Asian sell-off creates opportunities for investors

Asian sell-off creates opportunities for investors
Market concerns about bubbles in China are vastly over exaggerated
Andrew Beal, portfolio manager at Henderson TR Pacific Investment Trust plc.
Even though markets have declined, Asia looks set to escape the worst impact of the European debt problem, says Andrew Beal, portfolio manager at Henderson TR Pacific Investment Trust plc.

Despite the current European debt crisis, economic data indicates that Western problems will have a limited impact on their Asian counterparts. Beal predicts that the region's markets will return 10-20% by the end of 2010.

Asia's economic momentum remains very strong. At the start of the year, the greatest fear was that the region's economies were growing too fast and risked higher inflation. Slower growth in Europe and the US may actually help alleviate these fears.
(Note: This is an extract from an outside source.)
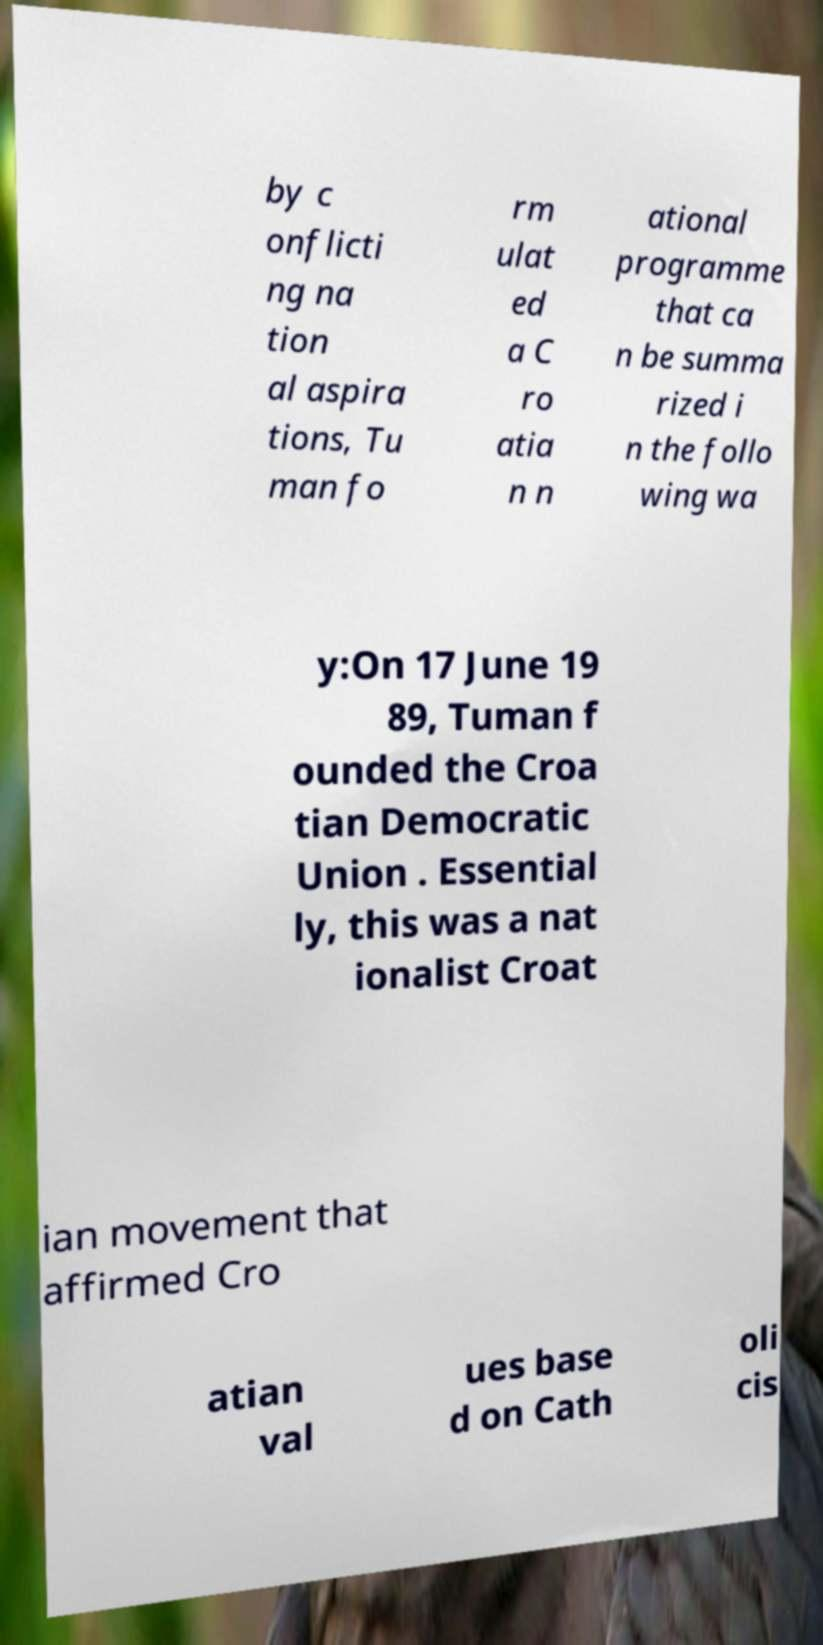Can you accurately transcribe the text from the provided image for me? by c onflicti ng na tion al aspira tions, Tu man fo rm ulat ed a C ro atia n n ational programme that ca n be summa rized i n the follo wing wa y:On 17 June 19 89, Tuman f ounded the Croa tian Democratic Union . Essential ly, this was a nat ionalist Croat ian movement that affirmed Cro atian val ues base d on Cath oli cis

There is limited risk that slower Western economies will derail Asia. Beal says, "Depending on the country in question, Europe receives approximately 10-20% of Asian exports resulting in 5-10% of Asian GDP exposed to Europe, thus even in a very negative scenario we would see, at most, a couple of percentage points knocked off Asian GDP growth."
The rebalancing of Asian economies towards domestic consumers continues to gather momentum.
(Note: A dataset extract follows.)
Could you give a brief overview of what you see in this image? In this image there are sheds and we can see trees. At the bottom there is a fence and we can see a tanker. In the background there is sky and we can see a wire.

Wages in China have been increasing rapidly in recent months. Beal argues that this is part of government policy designed to put more money in workers' pockets and to encourage a move within the manufacturing industry towards the lower cost and less developed Western provinces. We are also likely to see more low end manufacturing moving to Vietnam, Indonesia and India but the chances of these economies taking China's place in higher end manufacturing is low in Beal's opinion.

He argues that "the infrastructure and skills just do not exist in these countries to allow them to take significant share from China. In the industries where China has a sustainable advantage, Western companies and consumers are just going to have to absorb these additional wage costs".
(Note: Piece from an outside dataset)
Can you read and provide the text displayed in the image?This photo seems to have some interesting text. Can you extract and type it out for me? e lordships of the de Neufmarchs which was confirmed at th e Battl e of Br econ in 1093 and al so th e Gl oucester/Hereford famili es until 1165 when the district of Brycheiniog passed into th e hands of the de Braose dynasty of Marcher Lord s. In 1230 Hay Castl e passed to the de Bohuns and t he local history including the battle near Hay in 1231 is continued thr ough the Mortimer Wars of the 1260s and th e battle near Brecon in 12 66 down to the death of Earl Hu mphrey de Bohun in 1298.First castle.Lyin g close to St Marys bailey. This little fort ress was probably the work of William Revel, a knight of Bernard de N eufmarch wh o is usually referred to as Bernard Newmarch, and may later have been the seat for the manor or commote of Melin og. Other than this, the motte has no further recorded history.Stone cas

Beal notes that the policy of allowing higher wages in China is possible at the moment precisely because the economies of the West are so weak, "slow growth in Europe and the US keeps commodity prices under control and prevents higher wages in China leading to a build up of inflationary pressure".

Beal also dismisses fears that "bubble" conditions exist in China, stating: "Market concerns about bubbles in China are vastly over exaggerated and this misplaced market fear is creating a number of interesting stock plays.

“The presence of well capitalised liquid banks and predominantly debt-free consumers has created a positive outlook for earnings across Asia. This is particularly true of China, Hong Kong and Taiwan, where we are finding more stocks to buy.

"Despite the currently fragile sentiment towards markets, defensive behaviour is too late and investors now need to slowly average into these markets over the course of the next couple of months with a view to being fully invested by the end of the summer," said Beal.